Directions for this task: For the records below, the count of lines that hold "oriented" is required; give only that number.

Input for this task:
+-------+

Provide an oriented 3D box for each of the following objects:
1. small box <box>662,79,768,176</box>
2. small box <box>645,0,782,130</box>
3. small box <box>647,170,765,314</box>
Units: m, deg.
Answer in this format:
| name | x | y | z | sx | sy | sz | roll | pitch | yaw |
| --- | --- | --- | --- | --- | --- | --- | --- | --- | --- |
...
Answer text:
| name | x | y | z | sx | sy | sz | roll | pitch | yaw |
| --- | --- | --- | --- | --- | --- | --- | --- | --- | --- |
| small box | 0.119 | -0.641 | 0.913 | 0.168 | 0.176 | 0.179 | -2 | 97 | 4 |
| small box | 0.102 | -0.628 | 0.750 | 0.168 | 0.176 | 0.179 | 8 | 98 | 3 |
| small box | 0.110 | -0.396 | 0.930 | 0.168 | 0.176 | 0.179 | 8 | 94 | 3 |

+-------+

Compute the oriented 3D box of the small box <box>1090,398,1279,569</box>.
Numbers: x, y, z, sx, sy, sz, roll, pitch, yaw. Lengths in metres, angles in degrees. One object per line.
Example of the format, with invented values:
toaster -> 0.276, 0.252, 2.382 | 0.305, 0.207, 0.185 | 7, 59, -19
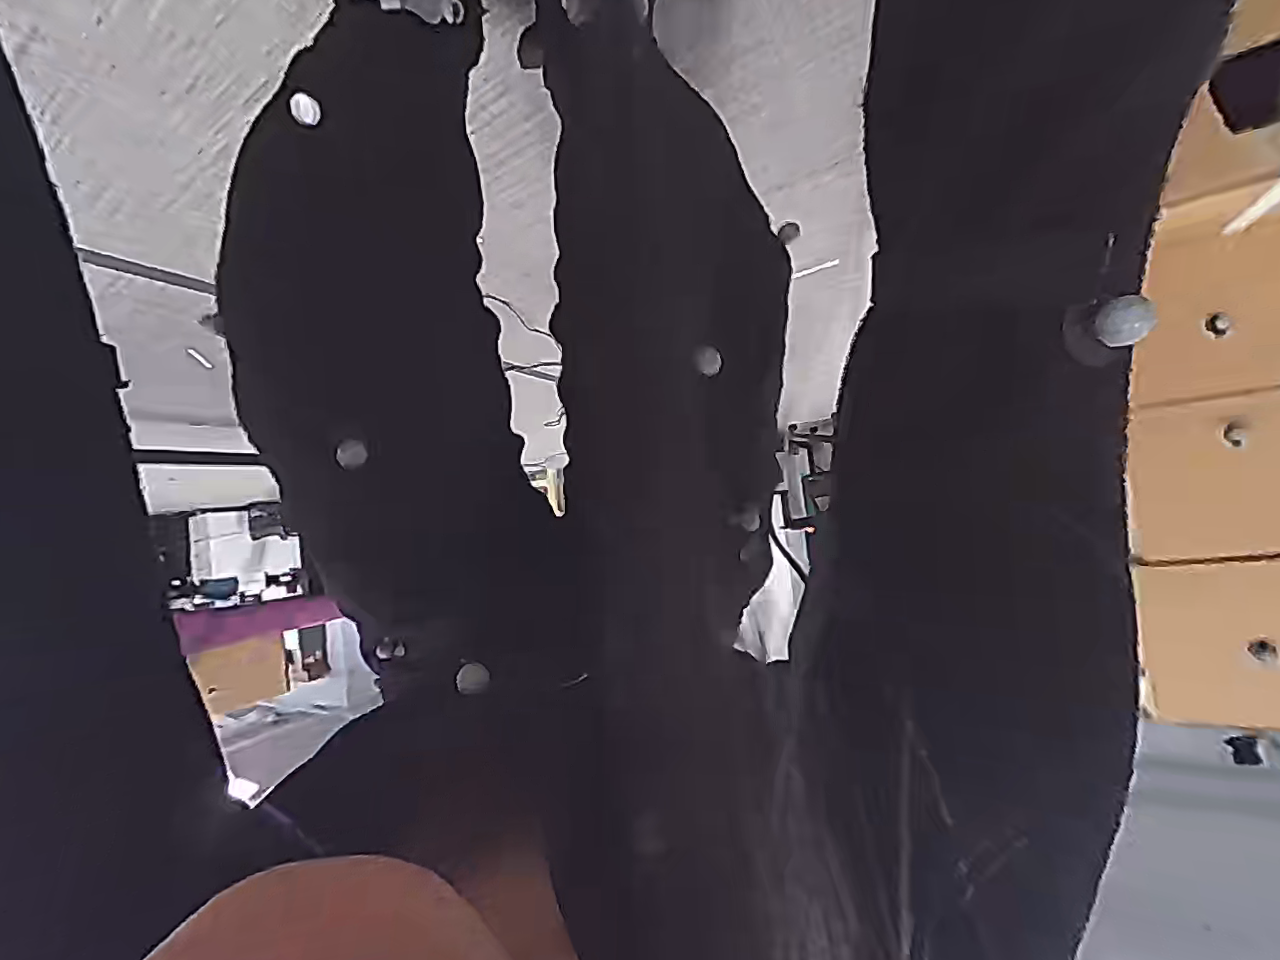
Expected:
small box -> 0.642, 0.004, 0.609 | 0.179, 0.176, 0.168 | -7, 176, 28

+-------+

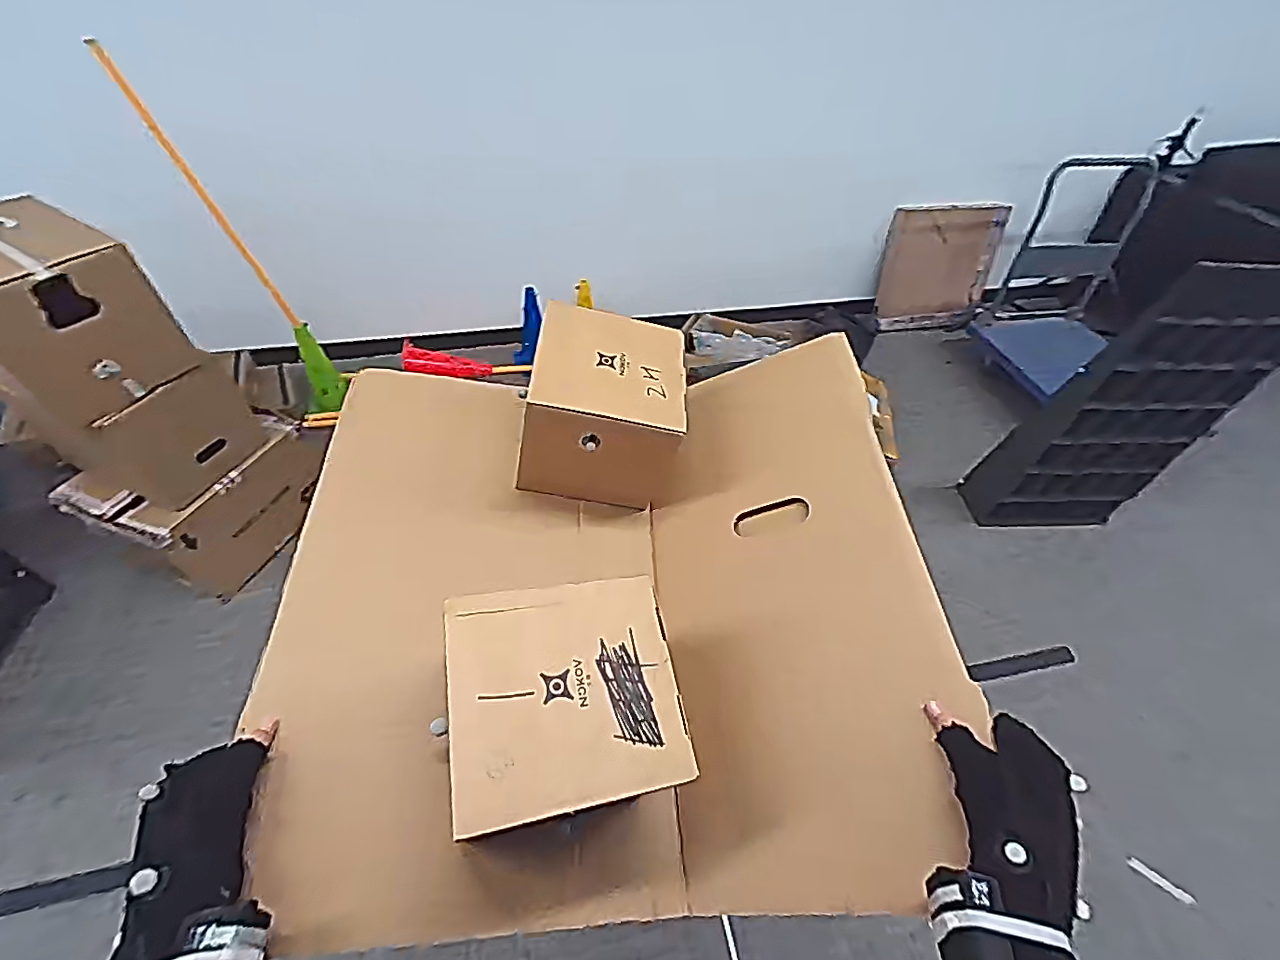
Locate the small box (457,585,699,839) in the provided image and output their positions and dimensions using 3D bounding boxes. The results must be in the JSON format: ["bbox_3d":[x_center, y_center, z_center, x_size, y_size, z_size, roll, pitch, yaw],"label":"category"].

+-------+

Written solution: 2